Images appear in the records below; leave them out and repeat everything else exactly.
______________________________
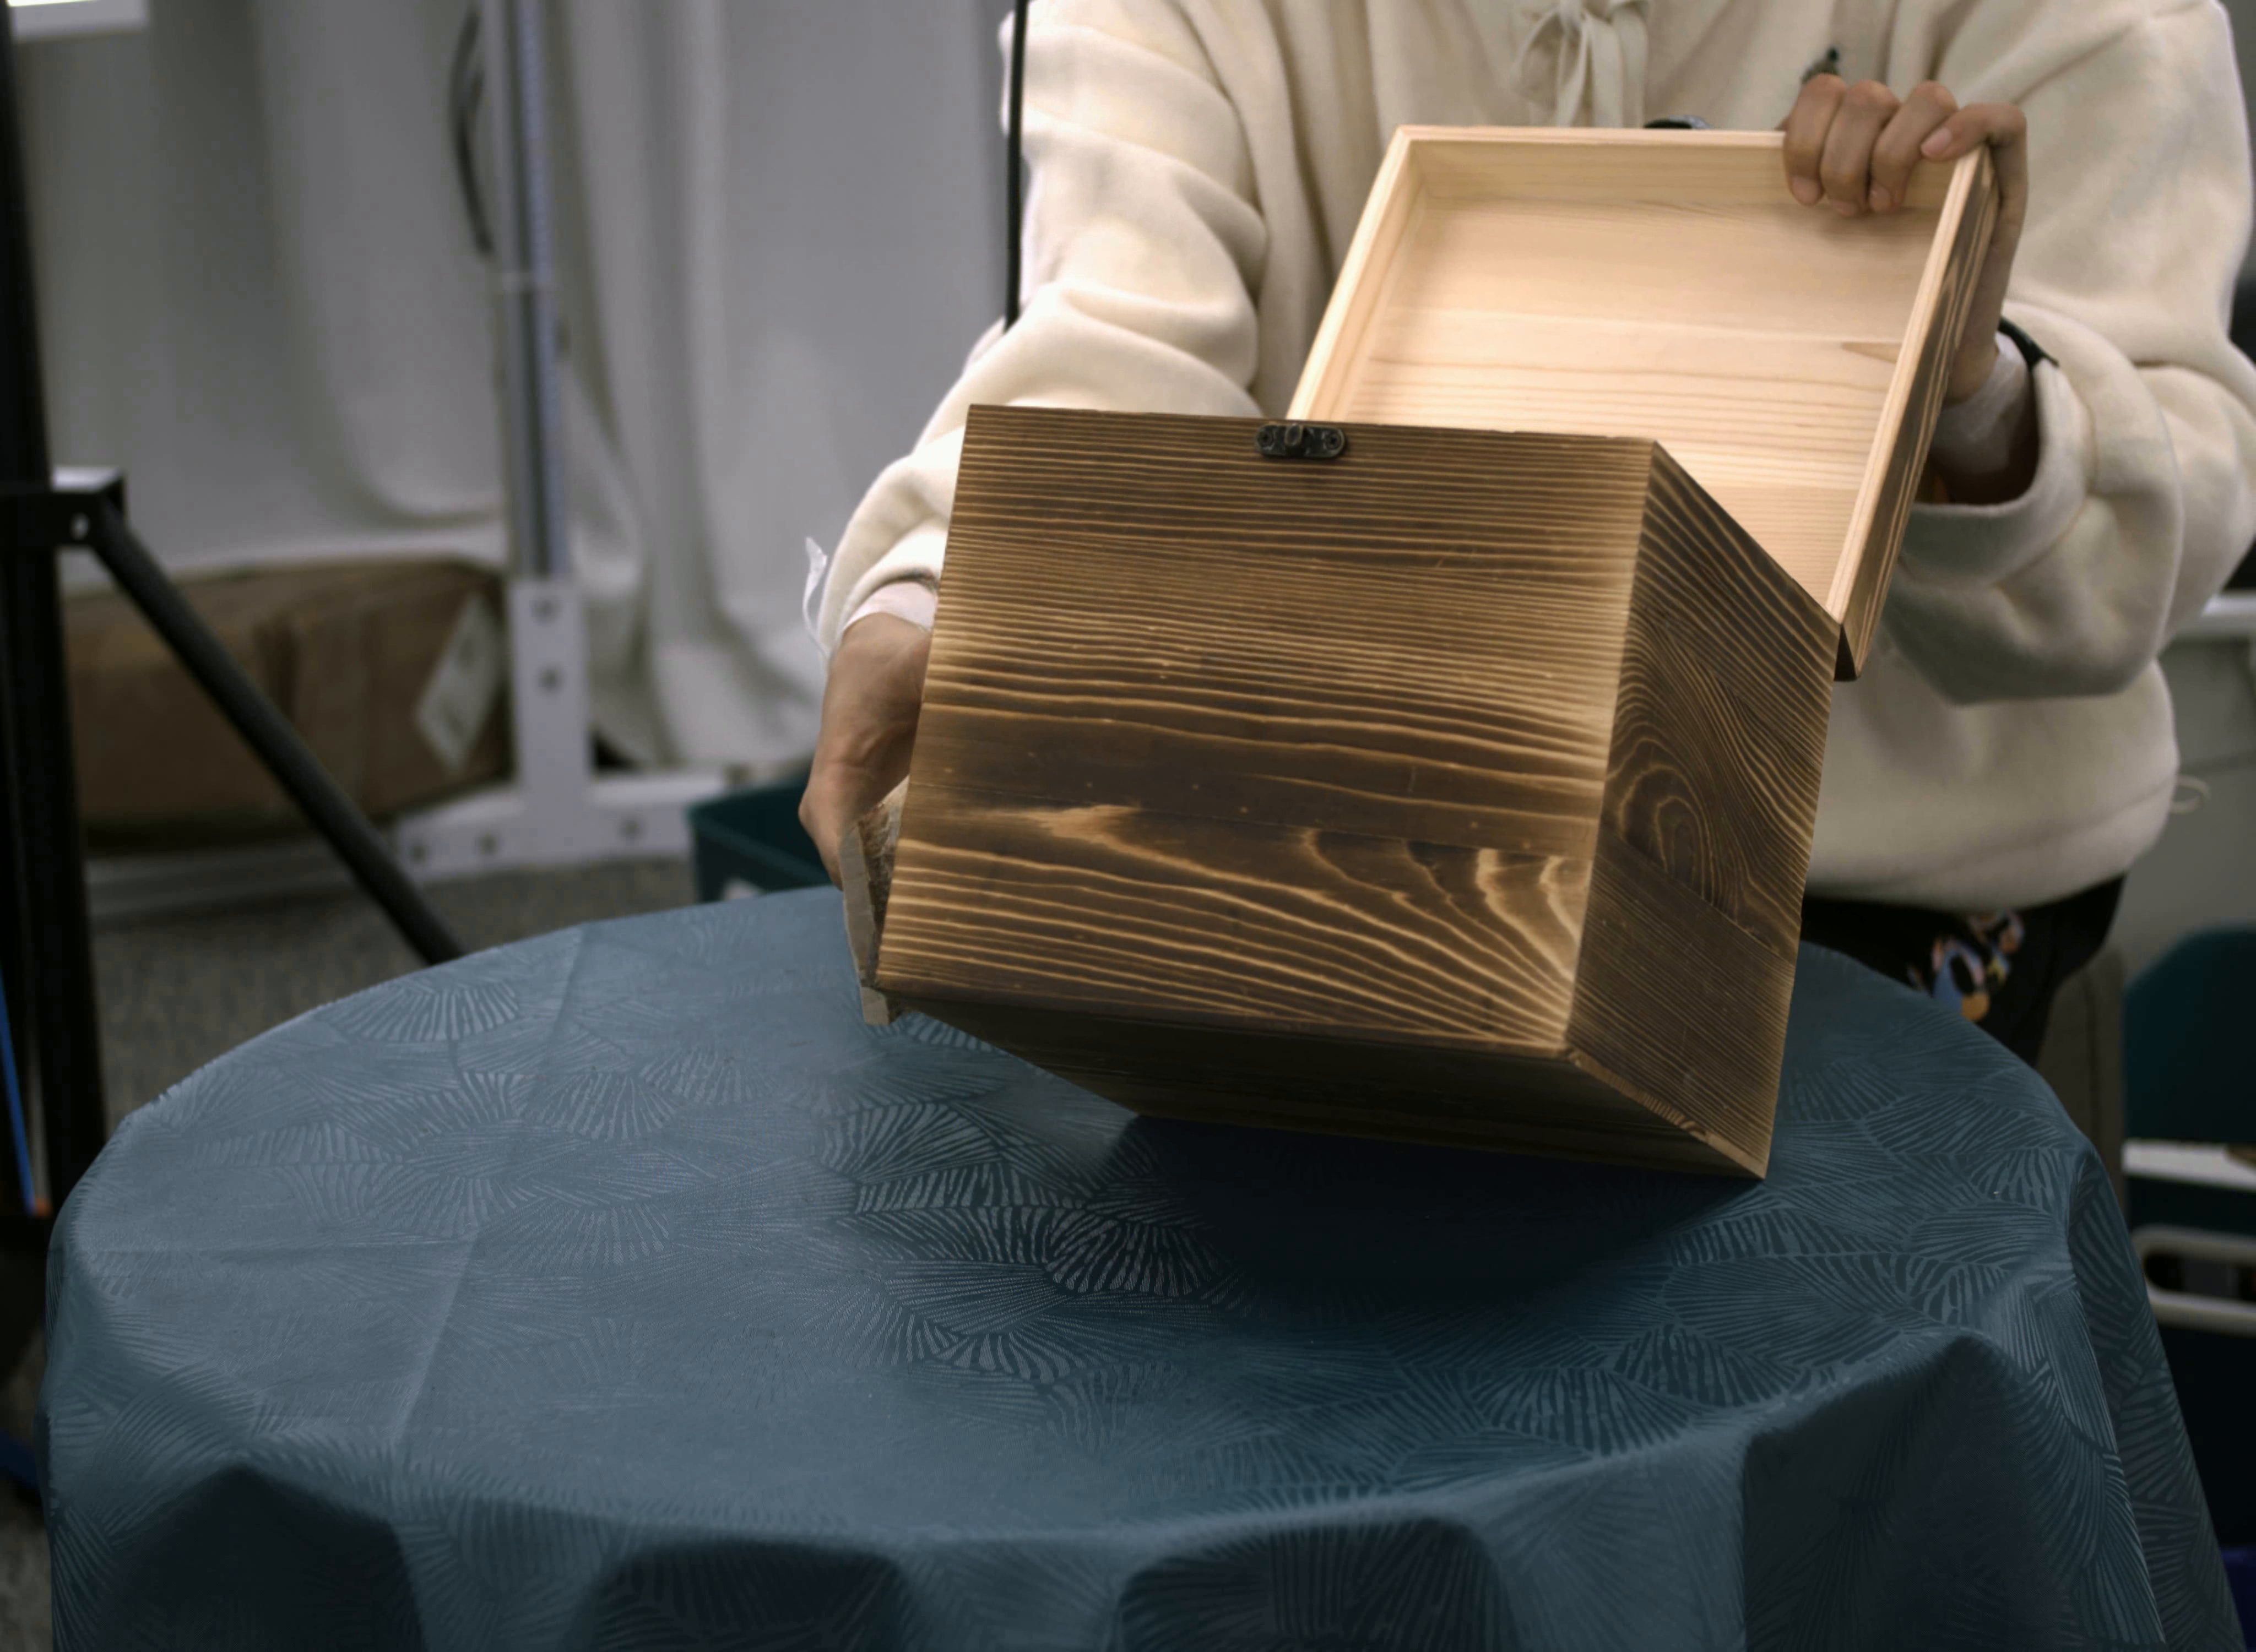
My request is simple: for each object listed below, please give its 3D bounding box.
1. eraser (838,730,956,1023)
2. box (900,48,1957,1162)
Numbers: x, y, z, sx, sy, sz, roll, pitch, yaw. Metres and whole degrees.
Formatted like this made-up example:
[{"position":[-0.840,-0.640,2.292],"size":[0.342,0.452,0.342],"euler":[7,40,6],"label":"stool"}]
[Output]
______________________________
Exercise answer →
My request is simple: for each object listed below, please give its 3D bounding box.
1. eraser (838,730,956,1023)
2. box (900,48,1957,1162)
Numbers: x, y, z, sx, sy, sz, roll, pitch, yaw. Metres and whole degrees.
Formatted like this made-up example:
[{"position":[-0.840,-0.640,2.292],"size":[0.342,0.452,0.342],"euler":[7,40,6],"label":"stool"}]
[Output]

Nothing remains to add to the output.